» **Problem description**
For every record that follows, transcribe the text exactly and leave any image out.

(Saved data entries)

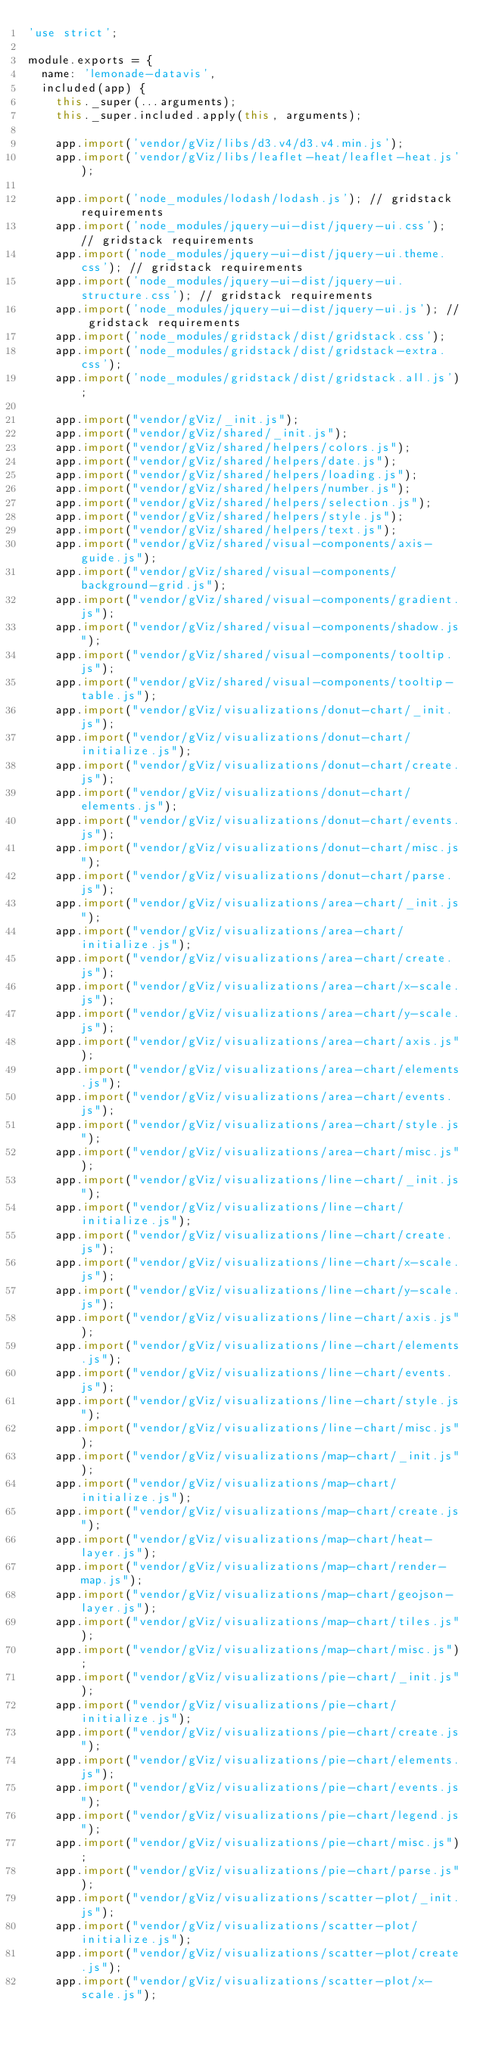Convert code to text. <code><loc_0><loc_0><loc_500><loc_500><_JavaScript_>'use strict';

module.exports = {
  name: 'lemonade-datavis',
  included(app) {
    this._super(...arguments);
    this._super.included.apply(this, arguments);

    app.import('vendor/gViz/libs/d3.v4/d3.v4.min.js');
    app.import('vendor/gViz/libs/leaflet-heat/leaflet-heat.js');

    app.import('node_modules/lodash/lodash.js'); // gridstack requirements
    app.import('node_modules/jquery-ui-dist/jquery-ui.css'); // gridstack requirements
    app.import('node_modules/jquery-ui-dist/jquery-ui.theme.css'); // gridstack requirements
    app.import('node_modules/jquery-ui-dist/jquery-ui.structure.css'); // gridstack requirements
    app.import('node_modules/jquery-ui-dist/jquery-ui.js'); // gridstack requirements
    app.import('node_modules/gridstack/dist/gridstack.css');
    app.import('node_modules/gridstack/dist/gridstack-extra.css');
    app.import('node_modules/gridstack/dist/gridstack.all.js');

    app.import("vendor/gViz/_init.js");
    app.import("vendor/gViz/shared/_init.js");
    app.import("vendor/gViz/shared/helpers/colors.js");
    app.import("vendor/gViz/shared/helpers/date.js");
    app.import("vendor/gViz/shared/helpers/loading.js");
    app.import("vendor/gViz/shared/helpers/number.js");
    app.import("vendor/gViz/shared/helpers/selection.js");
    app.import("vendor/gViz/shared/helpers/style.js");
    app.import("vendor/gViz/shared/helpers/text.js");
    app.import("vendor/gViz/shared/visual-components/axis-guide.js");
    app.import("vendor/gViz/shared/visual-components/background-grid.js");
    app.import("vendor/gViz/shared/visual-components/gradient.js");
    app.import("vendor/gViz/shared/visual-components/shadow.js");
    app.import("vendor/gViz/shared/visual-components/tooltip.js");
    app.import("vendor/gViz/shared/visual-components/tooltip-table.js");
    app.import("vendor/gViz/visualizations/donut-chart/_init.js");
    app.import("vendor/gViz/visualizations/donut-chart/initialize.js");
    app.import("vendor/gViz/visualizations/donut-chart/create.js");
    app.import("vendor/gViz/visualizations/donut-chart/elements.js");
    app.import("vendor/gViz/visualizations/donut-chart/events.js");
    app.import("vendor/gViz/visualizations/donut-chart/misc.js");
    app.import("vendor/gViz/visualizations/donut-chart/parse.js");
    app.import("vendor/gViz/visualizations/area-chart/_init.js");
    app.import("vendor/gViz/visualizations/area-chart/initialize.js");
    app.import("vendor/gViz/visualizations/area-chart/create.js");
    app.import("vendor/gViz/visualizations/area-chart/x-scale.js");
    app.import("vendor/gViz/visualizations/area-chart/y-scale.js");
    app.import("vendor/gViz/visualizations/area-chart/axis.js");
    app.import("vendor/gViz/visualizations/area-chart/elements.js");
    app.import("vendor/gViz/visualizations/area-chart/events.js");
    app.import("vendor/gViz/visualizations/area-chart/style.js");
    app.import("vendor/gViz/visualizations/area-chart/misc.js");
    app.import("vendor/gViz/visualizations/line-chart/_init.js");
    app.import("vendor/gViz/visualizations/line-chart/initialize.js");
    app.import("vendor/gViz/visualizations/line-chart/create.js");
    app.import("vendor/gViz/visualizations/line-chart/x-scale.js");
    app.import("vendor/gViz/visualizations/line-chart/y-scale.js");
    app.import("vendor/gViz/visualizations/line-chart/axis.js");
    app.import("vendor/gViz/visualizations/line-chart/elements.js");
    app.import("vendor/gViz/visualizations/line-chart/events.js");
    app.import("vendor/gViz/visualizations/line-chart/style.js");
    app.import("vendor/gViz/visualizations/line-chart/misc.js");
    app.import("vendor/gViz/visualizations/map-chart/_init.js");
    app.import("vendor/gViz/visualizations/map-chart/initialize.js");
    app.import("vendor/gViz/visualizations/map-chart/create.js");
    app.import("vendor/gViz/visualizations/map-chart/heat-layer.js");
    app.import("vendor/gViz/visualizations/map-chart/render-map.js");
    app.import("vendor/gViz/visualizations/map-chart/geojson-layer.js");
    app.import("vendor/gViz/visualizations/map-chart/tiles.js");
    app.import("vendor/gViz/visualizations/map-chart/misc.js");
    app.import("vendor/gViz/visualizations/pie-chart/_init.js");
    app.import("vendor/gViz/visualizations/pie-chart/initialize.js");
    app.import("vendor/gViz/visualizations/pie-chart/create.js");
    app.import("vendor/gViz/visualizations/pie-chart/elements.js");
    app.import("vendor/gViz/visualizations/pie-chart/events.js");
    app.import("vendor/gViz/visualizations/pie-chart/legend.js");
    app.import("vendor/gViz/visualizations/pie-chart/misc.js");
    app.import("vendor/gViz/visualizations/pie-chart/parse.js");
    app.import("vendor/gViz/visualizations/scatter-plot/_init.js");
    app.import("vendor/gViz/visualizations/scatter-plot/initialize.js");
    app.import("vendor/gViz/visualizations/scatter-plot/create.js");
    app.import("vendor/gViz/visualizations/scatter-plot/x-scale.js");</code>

» **Written response**
Convert code to text. <code><loc_0><loc_0><loc_500><loc_500><_JavaScript_>'use strict';

module.exports = {
  name: 'lemonade-datavis',
  included(app) {
    this._super(...arguments);
    this._super.included.apply(this, arguments);

    app.import('vendor/gViz/libs/d3.v4/d3.v4.min.js');
    app.import('vendor/gViz/libs/leaflet-heat/leaflet-heat.js');

    app.import('node_modules/lodash/lodash.js'); // gridstack requirements
    app.import('node_modules/jquery-ui-dist/jquery-ui.css'); // gridstack requirements
    app.import('node_modules/jquery-ui-dist/jquery-ui.theme.css'); // gridstack requirements
    app.import('node_modules/jquery-ui-dist/jquery-ui.structure.css'); // gridstack requirements
    app.import('node_modules/jquery-ui-dist/jquery-ui.js'); // gridstack requirements
    app.import('node_modules/gridstack/dist/gridstack.css');
    app.import('node_modules/gridstack/dist/gridstack-extra.css');
    app.import('node_modules/gridstack/dist/gridstack.all.js');

    app.import("vendor/gViz/_init.js");
    app.import("vendor/gViz/shared/_init.js");
    app.import("vendor/gViz/shared/helpers/colors.js");
    app.import("vendor/gViz/shared/helpers/date.js");
    app.import("vendor/gViz/shared/helpers/loading.js");
    app.import("vendor/gViz/shared/helpers/number.js");
    app.import("vendor/gViz/shared/helpers/selection.js");
    app.import("vendor/gViz/shared/helpers/style.js");
    app.import("vendor/gViz/shared/helpers/text.js");
    app.import("vendor/gViz/shared/visual-components/axis-guide.js");
    app.import("vendor/gViz/shared/visual-components/background-grid.js");
    app.import("vendor/gViz/shared/visual-components/gradient.js");
    app.import("vendor/gViz/shared/visual-components/shadow.js");
    app.import("vendor/gViz/shared/visual-components/tooltip.js");
    app.import("vendor/gViz/shared/visual-components/tooltip-table.js");
    app.import("vendor/gViz/visualizations/donut-chart/_init.js");
    app.import("vendor/gViz/visualizations/donut-chart/initialize.js");
    app.import("vendor/gViz/visualizations/donut-chart/create.js");
    app.import("vendor/gViz/visualizations/donut-chart/elements.js");
    app.import("vendor/gViz/visualizations/donut-chart/events.js");
    app.import("vendor/gViz/visualizations/donut-chart/misc.js");
    app.import("vendor/gViz/visualizations/donut-chart/parse.js");
    app.import("vendor/gViz/visualizations/area-chart/_init.js");
    app.import("vendor/gViz/visualizations/area-chart/initialize.js");
    app.import("vendor/gViz/visualizations/area-chart/create.js");
    app.import("vendor/gViz/visualizations/area-chart/x-scale.js");
    app.import("vendor/gViz/visualizations/area-chart/y-scale.js");
    app.import("vendor/gViz/visualizations/area-chart/axis.js");
    app.import("vendor/gViz/visualizations/area-chart/elements.js");
    app.import("vendor/gViz/visualizations/area-chart/events.js");
    app.import("vendor/gViz/visualizations/area-chart/style.js");
    app.import("vendor/gViz/visualizations/area-chart/misc.js");
    app.import("vendor/gViz/visualizations/line-chart/_init.js");
    app.import("vendor/gViz/visualizations/line-chart/initialize.js");
    app.import("vendor/gViz/visualizations/line-chart/create.js");
    app.import("vendor/gViz/visualizations/line-chart/x-scale.js");
    app.import("vendor/gViz/visualizations/line-chart/y-scale.js");
    app.import("vendor/gViz/visualizations/line-chart/axis.js");
    app.import("vendor/gViz/visualizations/line-chart/elements.js");
    app.import("vendor/gViz/visualizations/line-chart/events.js");
    app.import("vendor/gViz/visualizations/line-chart/style.js");
    app.import("vendor/gViz/visualizations/line-chart/misc.js");
    app.import("vendor/gViz/visualizations/map-chart/_init.js");
    app.import("vendor/gViz/visualizations/map-chart/initialize.js");
    app.import("vendor/gViz/visualizations/map-chart/create.js");
    app.import("vendor/gViz/visualizations/map-chart/heat-layer.js");
    app.import("vendor/gViz/visualizations/map-chart/render-map.js");
    app.import("vendor/gViz/visualizations/map-chart/geojson-layer.js");
    app.import("vendor/gViz/visualizations/map-chart/tiles.js");
    app.import("vendor/gViz/visualizations/map-chart/misc.js");
    app.import("vendor/gViz/visualizations/pie-chart/_init.js");
    app.import("vendor/gViz/visualizations/pie-chart/initialize.js");
    app.import("vendor/gViz/visualizations/pie-chart/create.js");
    app.import("vendor/gViz/visualizations/pie-chart/elements.js");
    app.import("vendor/gViz/visualizations/pie-chart/events.js");
    app.import("vendor/gViz/visualizations/pie-chart/legend.js");
    app.import("vendor/gViz/visualizations/pie-chart/misc.js");
    app.import("vendor/gViz/visualizations/pie-chart/parse.js");
    app.import("vendor/gViz/visualizations/scatter-plot/_init.js");
    app.import("vendor/gViz/visualizations/scatter-plot/initialize.js");
    app.import("vendor/gViz/visualizations/scatter-plot/create.js");
    app.import("vendor/gViz/visualizations/scatter-plot/x-scale.js");</code>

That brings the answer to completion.